Every line in the data below that has the word "section" should be returned.

(Extracted data entries)
+--
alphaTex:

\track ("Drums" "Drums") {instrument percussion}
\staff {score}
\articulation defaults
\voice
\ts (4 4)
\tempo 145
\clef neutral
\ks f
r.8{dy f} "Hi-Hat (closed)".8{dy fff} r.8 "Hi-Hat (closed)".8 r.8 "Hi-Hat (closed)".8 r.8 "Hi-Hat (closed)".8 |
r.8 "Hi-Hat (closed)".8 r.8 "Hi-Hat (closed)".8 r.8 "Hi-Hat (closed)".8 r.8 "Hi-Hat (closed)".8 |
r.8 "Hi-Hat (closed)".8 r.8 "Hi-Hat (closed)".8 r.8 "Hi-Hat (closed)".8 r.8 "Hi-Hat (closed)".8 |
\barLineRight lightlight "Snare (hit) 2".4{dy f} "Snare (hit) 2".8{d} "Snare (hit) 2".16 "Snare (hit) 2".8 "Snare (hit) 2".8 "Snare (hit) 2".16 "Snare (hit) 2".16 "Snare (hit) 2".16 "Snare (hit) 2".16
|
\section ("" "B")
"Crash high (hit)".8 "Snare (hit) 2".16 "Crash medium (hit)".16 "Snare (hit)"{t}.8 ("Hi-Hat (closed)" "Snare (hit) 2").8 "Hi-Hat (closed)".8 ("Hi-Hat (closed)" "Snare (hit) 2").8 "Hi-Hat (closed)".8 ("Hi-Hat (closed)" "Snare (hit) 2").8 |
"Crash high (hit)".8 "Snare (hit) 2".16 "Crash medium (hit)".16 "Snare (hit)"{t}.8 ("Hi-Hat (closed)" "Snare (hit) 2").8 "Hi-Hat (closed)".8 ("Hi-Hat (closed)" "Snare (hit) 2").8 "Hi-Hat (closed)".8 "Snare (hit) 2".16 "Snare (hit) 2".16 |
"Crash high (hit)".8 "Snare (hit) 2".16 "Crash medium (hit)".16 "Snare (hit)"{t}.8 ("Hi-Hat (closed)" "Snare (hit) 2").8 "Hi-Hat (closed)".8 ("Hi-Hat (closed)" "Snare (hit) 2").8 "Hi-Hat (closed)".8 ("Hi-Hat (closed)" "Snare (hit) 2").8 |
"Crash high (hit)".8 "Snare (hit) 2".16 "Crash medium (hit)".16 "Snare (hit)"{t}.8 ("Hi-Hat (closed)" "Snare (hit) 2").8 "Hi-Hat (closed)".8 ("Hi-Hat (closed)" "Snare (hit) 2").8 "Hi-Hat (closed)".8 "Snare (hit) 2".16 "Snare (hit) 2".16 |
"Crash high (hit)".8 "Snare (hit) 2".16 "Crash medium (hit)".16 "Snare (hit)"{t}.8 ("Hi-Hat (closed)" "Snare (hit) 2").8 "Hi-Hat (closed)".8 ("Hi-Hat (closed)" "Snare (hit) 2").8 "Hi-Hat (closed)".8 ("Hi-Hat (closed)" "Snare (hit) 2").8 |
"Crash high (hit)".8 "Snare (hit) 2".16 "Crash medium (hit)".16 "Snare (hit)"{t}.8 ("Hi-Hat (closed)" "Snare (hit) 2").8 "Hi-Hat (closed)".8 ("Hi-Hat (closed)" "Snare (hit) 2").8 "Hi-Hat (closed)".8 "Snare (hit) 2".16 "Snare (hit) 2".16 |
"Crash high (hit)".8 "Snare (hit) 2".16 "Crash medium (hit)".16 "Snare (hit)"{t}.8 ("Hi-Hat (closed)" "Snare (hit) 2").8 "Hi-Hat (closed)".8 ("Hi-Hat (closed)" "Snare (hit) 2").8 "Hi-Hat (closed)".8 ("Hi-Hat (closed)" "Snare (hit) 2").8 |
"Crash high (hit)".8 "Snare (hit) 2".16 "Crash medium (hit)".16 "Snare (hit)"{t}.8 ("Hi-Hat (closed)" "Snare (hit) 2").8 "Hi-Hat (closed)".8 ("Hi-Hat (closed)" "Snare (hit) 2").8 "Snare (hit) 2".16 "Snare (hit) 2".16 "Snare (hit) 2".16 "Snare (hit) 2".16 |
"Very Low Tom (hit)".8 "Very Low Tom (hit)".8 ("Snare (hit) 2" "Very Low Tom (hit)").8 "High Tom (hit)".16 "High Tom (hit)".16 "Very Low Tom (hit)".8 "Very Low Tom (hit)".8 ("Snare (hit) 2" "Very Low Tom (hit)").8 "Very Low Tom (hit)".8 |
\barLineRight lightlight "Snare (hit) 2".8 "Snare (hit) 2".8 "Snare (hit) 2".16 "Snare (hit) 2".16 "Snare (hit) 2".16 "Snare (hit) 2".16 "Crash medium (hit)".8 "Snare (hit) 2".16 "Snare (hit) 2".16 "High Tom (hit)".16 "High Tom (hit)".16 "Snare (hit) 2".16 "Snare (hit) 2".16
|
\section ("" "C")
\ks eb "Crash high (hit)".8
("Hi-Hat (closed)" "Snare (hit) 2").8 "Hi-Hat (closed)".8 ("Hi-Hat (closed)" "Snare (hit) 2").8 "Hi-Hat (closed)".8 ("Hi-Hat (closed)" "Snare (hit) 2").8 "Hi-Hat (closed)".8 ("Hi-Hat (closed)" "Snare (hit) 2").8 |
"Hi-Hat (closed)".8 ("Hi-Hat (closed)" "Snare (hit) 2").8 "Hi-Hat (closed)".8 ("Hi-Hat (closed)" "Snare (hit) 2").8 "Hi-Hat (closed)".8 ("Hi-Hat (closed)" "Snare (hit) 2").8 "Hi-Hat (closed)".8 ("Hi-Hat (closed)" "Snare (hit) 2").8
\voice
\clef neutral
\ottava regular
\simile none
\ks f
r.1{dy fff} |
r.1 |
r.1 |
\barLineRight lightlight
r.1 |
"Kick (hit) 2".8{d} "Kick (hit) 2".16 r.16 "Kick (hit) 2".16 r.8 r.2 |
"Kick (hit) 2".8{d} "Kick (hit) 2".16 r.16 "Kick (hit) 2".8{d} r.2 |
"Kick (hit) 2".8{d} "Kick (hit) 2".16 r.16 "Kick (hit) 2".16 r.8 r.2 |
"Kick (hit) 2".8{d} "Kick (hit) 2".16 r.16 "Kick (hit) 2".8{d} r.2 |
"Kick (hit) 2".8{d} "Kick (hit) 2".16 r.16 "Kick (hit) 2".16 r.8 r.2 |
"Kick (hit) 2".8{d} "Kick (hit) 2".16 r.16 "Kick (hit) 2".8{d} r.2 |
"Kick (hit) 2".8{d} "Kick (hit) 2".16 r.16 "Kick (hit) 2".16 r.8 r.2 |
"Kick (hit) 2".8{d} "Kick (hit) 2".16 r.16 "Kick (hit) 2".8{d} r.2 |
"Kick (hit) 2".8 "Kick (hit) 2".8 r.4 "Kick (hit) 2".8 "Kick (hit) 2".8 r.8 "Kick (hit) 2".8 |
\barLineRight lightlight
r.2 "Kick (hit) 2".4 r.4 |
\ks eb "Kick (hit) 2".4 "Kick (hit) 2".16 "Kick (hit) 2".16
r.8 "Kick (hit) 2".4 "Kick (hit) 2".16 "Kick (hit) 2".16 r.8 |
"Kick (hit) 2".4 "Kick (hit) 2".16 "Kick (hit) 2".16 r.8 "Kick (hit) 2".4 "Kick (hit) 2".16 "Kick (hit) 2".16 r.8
+--
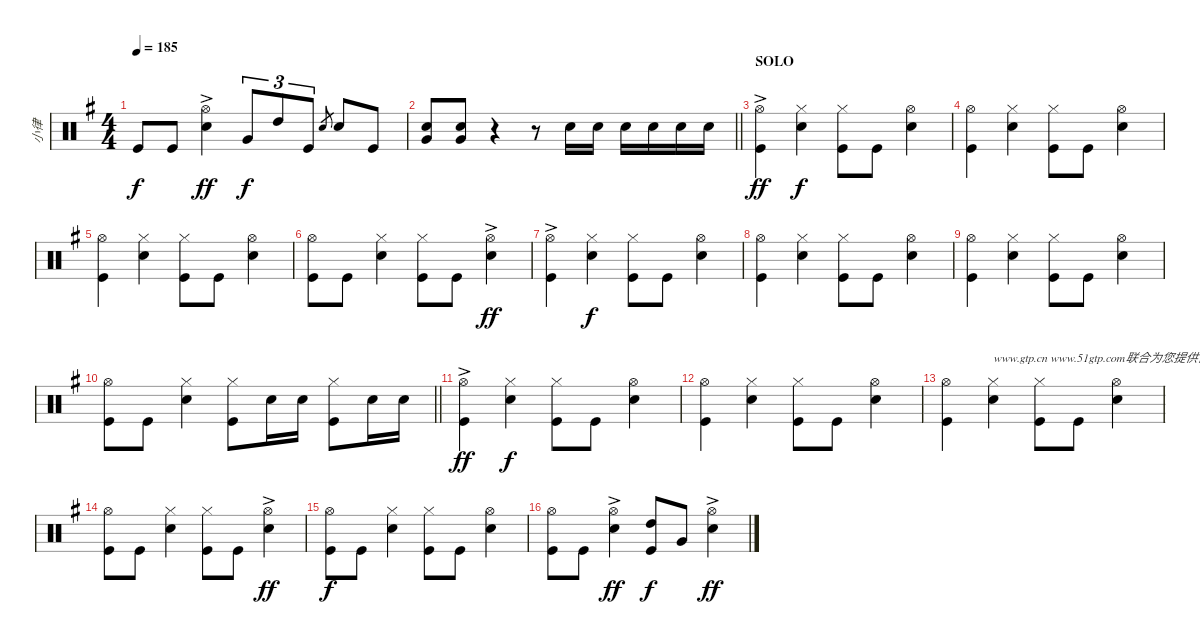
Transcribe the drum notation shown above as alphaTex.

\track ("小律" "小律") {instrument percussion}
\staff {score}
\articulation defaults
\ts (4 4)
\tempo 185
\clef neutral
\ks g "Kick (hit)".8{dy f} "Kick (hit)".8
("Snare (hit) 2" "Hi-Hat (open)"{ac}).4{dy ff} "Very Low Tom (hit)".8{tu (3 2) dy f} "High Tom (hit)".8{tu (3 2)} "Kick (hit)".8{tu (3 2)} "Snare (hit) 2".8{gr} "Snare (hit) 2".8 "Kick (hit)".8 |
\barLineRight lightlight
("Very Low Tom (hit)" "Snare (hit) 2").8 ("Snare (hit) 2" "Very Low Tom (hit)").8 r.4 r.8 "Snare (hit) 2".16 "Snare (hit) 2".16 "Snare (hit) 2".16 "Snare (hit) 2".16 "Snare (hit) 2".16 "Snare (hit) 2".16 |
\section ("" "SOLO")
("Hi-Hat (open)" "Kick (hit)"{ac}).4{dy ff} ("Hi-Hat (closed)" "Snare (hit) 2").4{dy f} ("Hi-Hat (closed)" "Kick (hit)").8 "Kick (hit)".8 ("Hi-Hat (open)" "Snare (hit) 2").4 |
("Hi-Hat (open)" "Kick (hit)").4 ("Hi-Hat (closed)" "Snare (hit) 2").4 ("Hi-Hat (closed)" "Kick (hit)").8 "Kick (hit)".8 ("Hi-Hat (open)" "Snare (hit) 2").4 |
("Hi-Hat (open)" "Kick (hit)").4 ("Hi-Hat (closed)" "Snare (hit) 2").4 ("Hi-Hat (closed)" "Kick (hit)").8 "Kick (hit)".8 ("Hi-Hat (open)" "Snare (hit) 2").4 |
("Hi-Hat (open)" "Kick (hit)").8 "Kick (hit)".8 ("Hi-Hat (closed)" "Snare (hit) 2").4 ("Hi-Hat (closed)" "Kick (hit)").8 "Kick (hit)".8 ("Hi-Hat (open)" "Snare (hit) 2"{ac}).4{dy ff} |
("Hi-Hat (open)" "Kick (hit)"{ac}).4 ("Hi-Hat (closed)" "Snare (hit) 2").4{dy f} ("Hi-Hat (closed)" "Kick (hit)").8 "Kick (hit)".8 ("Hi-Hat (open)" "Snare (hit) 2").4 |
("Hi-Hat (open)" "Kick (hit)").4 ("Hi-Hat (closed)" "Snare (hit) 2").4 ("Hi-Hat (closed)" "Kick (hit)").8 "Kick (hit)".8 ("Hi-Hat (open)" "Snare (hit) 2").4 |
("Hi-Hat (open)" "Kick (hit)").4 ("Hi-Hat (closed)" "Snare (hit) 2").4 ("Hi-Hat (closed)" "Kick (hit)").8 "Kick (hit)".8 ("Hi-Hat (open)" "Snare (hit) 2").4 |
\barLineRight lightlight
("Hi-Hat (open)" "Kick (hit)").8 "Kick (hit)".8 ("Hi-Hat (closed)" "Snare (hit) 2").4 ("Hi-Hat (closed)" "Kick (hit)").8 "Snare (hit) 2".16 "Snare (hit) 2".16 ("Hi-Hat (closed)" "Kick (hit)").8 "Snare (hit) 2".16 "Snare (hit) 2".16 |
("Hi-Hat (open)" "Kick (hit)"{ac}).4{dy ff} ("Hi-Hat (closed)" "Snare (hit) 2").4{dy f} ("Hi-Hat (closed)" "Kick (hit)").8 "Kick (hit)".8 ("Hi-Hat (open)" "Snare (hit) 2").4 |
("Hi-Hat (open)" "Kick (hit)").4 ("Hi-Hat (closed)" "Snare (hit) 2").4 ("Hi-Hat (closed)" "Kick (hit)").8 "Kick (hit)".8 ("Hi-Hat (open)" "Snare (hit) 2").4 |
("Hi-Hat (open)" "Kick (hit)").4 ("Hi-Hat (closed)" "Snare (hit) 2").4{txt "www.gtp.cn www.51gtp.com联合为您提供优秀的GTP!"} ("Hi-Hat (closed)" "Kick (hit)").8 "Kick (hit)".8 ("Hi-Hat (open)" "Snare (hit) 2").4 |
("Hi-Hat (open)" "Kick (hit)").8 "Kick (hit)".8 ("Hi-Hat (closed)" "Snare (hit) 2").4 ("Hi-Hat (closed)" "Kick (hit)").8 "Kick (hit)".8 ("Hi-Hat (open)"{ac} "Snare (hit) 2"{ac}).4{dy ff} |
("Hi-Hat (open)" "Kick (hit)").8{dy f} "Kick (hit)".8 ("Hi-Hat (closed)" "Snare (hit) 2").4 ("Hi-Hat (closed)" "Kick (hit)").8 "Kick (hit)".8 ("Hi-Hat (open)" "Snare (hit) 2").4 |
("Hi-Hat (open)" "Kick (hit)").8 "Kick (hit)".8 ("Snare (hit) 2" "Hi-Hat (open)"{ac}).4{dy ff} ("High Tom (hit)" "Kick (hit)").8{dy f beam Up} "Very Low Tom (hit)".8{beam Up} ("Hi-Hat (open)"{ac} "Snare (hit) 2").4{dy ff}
+--
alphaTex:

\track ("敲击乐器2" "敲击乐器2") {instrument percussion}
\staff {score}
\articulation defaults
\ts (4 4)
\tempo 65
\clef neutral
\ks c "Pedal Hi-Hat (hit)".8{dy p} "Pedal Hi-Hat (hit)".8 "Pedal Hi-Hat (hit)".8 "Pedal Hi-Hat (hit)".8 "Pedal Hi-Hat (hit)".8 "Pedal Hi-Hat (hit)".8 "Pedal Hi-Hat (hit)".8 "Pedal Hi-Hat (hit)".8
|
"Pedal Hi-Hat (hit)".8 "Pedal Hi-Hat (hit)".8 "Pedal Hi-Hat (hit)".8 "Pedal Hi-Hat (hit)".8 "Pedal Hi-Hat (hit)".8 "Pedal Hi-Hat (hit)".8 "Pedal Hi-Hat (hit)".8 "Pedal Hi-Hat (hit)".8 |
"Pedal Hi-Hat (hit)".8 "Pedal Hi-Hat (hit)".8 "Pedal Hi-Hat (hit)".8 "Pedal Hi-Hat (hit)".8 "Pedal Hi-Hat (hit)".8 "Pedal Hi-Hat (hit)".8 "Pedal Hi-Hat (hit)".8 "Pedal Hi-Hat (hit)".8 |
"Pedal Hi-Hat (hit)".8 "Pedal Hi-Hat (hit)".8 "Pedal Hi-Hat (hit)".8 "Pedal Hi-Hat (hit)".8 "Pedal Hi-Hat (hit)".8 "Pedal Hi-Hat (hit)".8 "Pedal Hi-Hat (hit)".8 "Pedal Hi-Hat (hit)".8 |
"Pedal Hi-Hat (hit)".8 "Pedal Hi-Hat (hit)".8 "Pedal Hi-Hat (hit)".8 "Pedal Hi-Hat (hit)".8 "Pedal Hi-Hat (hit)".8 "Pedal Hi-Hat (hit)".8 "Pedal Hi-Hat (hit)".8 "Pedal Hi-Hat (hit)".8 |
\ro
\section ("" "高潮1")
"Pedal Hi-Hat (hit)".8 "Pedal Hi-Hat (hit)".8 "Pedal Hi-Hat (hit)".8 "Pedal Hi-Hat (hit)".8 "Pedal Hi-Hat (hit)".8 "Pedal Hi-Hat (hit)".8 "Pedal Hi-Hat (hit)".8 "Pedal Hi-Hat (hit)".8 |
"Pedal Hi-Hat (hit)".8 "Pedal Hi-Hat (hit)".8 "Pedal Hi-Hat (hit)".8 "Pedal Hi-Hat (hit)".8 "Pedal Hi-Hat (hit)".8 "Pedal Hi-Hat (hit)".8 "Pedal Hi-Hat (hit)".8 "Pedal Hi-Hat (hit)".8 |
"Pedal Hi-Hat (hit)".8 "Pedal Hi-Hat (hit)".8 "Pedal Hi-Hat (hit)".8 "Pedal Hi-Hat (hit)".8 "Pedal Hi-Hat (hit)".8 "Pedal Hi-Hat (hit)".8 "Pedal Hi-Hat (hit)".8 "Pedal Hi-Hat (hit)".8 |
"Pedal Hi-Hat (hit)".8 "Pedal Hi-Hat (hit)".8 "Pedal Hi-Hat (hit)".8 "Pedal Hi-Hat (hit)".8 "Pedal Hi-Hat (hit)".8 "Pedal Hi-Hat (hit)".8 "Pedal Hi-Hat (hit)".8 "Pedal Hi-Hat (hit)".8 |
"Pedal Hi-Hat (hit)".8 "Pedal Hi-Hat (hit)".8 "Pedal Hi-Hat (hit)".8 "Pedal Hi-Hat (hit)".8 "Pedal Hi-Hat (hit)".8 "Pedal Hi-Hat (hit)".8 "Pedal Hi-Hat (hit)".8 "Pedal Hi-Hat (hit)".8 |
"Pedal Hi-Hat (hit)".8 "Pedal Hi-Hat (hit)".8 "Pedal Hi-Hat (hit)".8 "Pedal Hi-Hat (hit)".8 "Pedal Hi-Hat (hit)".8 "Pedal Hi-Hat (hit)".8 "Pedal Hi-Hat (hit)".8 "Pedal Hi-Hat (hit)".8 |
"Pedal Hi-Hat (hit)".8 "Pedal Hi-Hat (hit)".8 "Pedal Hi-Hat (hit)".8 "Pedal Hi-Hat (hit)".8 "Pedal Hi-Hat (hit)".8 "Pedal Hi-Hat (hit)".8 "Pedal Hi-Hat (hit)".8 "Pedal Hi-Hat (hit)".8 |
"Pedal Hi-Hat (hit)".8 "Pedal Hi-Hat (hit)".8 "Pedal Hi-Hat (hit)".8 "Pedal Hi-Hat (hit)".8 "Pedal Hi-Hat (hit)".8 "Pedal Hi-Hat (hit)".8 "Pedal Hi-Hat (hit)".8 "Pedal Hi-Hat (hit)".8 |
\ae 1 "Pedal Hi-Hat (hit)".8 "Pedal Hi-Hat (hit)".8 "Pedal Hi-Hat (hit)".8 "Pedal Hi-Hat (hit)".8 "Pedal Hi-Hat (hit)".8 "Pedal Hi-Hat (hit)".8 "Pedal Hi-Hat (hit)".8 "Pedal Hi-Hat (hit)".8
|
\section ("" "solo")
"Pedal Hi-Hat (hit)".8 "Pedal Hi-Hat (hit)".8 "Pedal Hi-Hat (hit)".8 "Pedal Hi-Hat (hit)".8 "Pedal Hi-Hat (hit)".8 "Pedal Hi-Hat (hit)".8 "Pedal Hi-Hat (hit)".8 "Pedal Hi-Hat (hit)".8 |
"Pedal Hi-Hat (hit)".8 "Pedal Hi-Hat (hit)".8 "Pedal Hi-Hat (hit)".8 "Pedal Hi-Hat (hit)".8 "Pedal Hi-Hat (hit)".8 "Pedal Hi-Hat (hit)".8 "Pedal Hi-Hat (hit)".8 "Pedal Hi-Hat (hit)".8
+--
Completed task
\section ("" "B")
\section ("" "C")
\section ("" "SOLO")
\section ("" "高潮1")
\section ("" "solo")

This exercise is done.